How to solve large scale generalized assignment problem

Question

I am looking for a way to solve a large scale Generalized assignment problem(To be precise, it is a relaxation of the Generalized assignment problem, because the second constraint has $\le$ instead of $=$). Here, $m$ is the number of agents and $n$ is the number of tasks. $$ \begin{aligned} &\text{maximize} && \sum_{i}^{m} \sum_{j}^{n} p_{ij}x_{ij} \\\ &\text{subject to} && \sum_{j}^{n} w_{ij}x_{ij} \le t_{i} &&& \forall i \\\ & && \sum_{i}^{m} x_{ij} \le 1 &&& \forall j \\\ & && x_{ij} \in \{0, 1\} \end{aligned} $$

data size

• $m \le 1,000$
• $n \le 10,000,000$
• $p_{ij} \le 1,000$
• $w_{ij} \le 1,000$
• $t_i \le 200,000$
• valid agent-task pair(i.e. number of non zero $p_{ij}$) $\le 200,000,000$
• time limit : 6 hours

Generalized assignment problem is NP-hard, so I'm not trying to find an exact solution. Are there any approximation algorithm or heuristic to solve this problem?
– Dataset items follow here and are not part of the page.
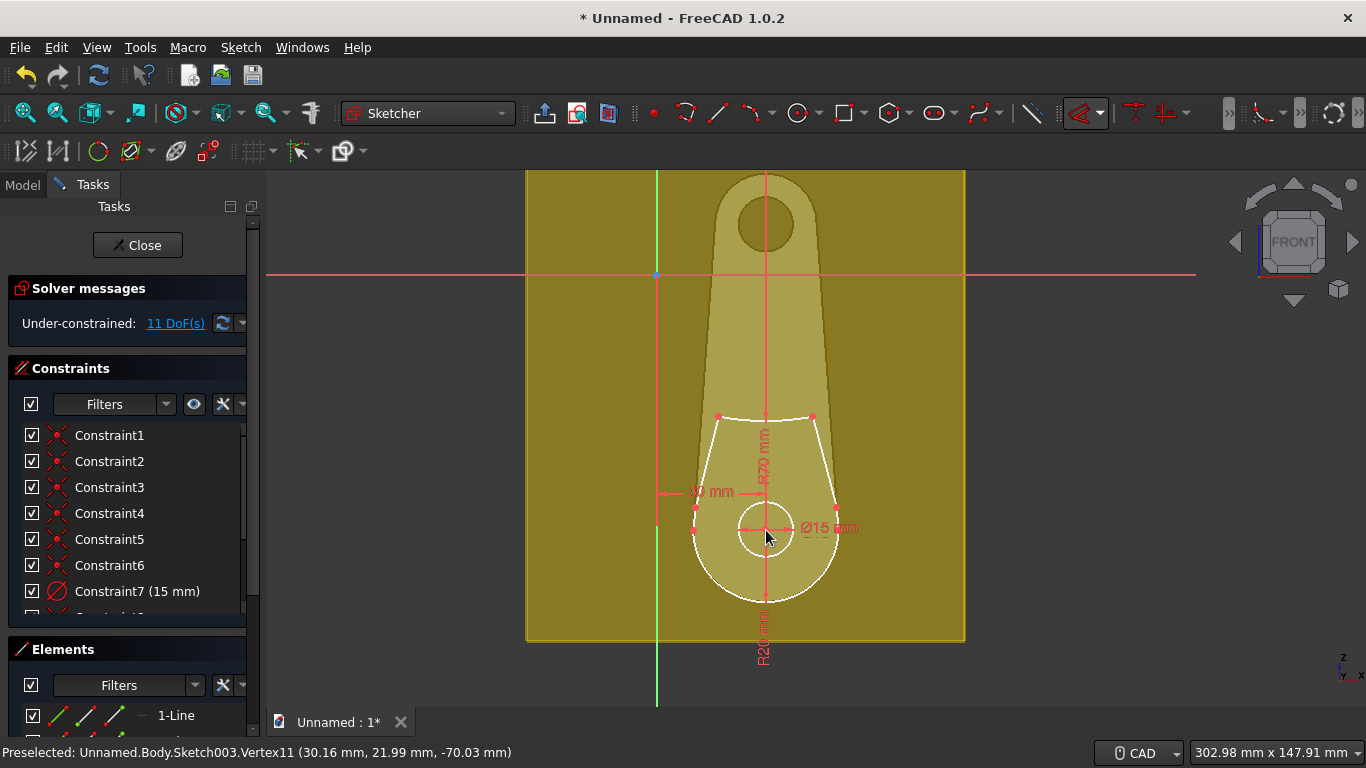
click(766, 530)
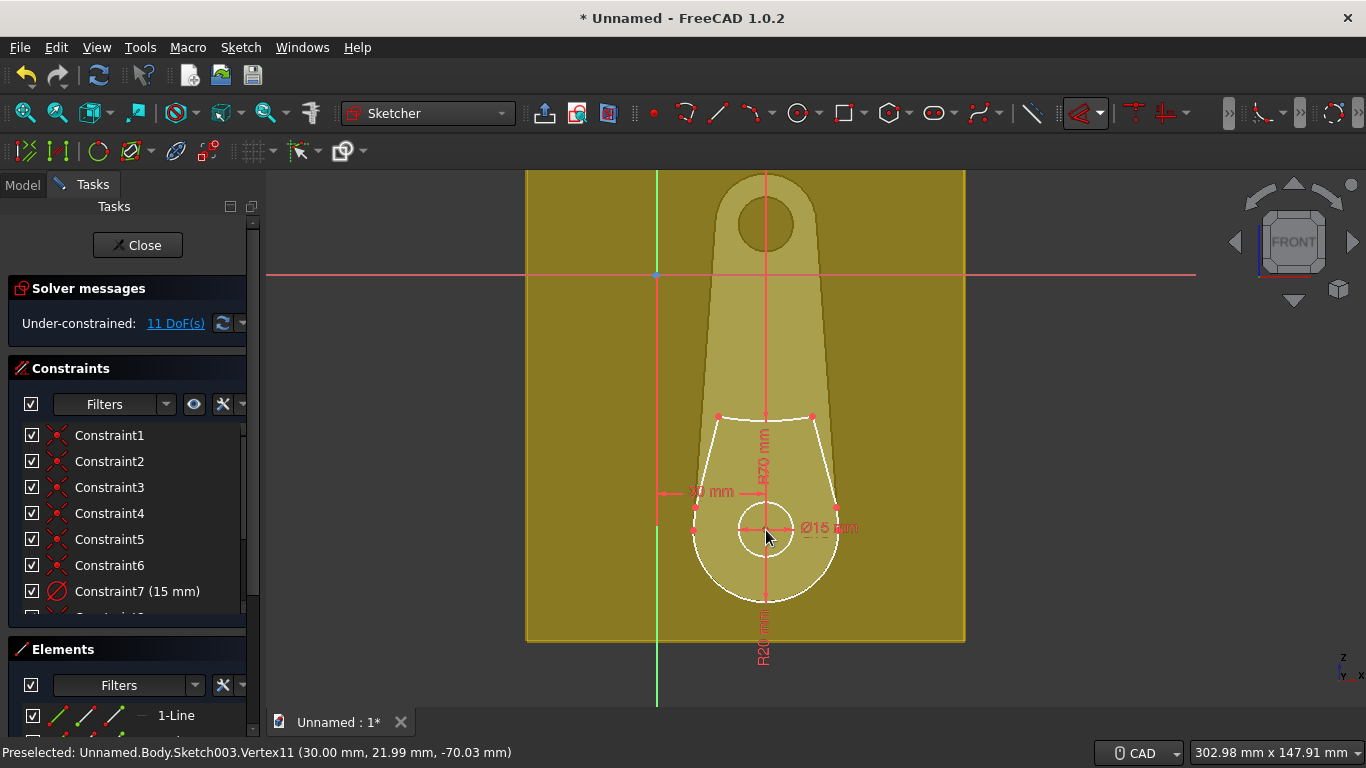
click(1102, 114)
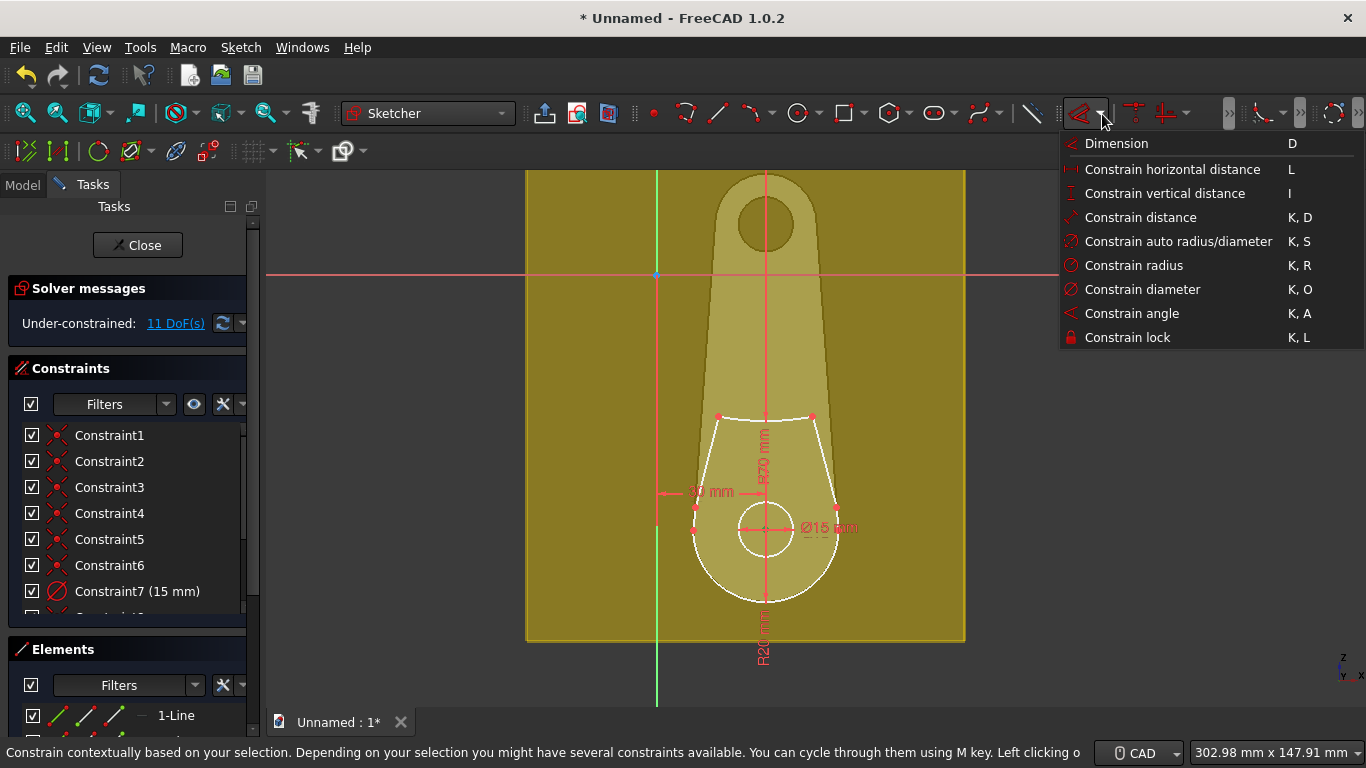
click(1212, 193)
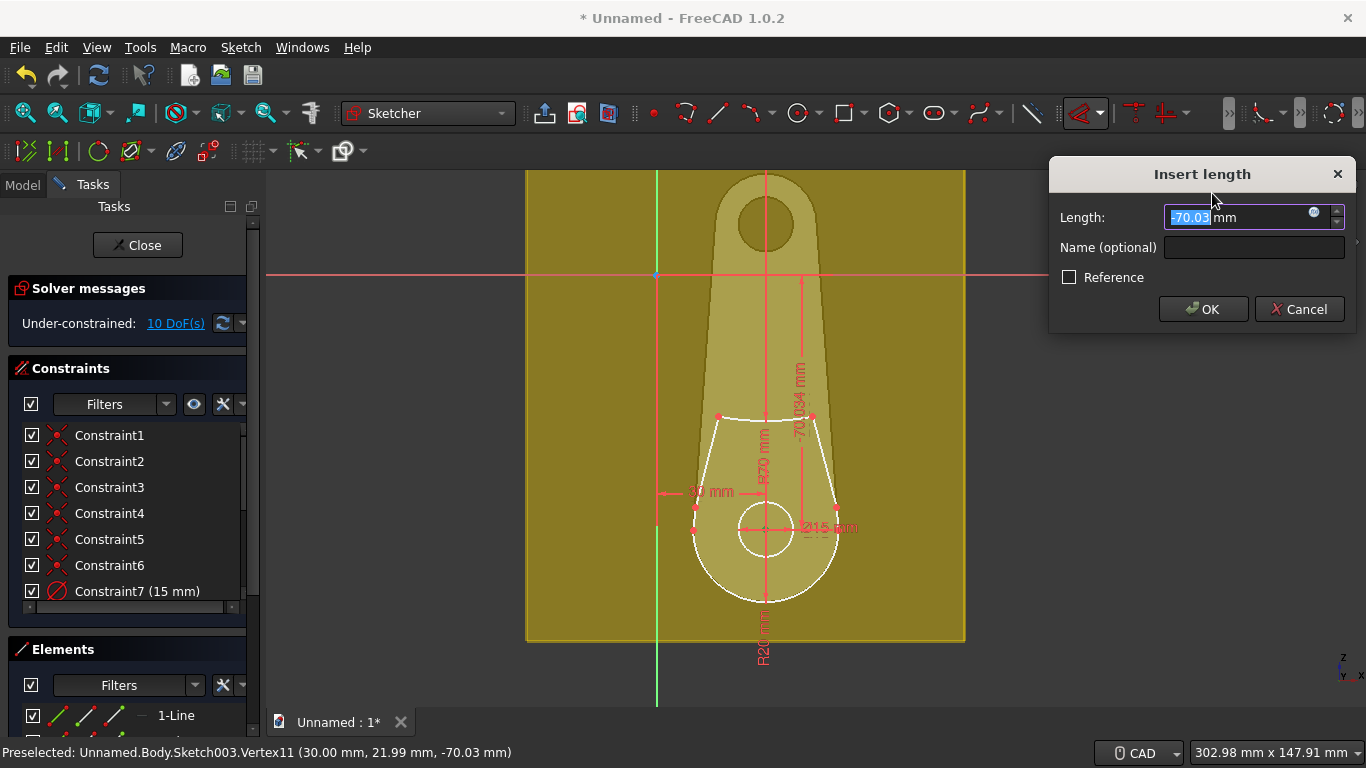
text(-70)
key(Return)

Also, are there any other approaches to solving large scale NP-hard problems? For example, I was wondering if it is possible to reduce the number of variables by clustering agents or tasks, but I did not find such a method.

Answer 1

The instances you plan to solve are orders of magnitude larger than the ones from the datasets used in the scientific literature on the Generalized Assignment Problem. The largest instances of the literature have $m = 80$ and $n = 1600$. Most algorithms designed for these instances won't be suitable for you.

What seems the most relevant in your case are the polynomial algorithms described in "Knapsack problems: algorithms and computer implementations" (Martello et Toth, 1990):

• Greedy: sort all agent-task pairs according to a given criterion, and then assign greedily from best to worst the unassigned tasks. Complexity: $O(n m \log (n m))$
• Regret greedy: for all tasks, sort its assignments according to a given criterion. At each step, assign the task with the greatest difference between its best assignment and its second-best assignment, and update the structures. Complexity: $O(n m \log m + n^2)$

Various sorting criteria have been proposed: pij, pij/wij, -wij, -wij/ti... -wij and -wij/ti are more suited for the case where all items have to be assigned. In your case pij and pij/wij might yield good results

Then, they propose to try to shift each task once to improve the solution. With at most one shift per task, the algorithms remain polynomial, but you can try more shifts if you have more time.

Note that these algorithms might be optimized if not all pairs are possible, as you indicate in your case.

I have some implementations here for the standard GAP (and a min objective). You can try to play with them to get an overview of what might work or not in your case

Answer 2

You could try using the greedy heuristic to get an initial solution and then try out one of the many neighborhood-search type metaheuristics. I mentioned sorting on $p_{ij}$ in a comment, but it might (or might not) be better to sort on $p_{ij}/w_{ij}$ (or, time permitting, try both and pick the better solution). For improving on the starting solution, GRASP and simulated annealing would be possibilities. Tabu search is popular with some people, but the memory requirements of maintaining a table of tabu solutions might be prohibitive. I'm fond of genetic algorithms, but I think we can rule out a GA (or other "evolutionary" metaheuristic) based on memory considerations. Personally, I'd be tempted to check out GRASP first.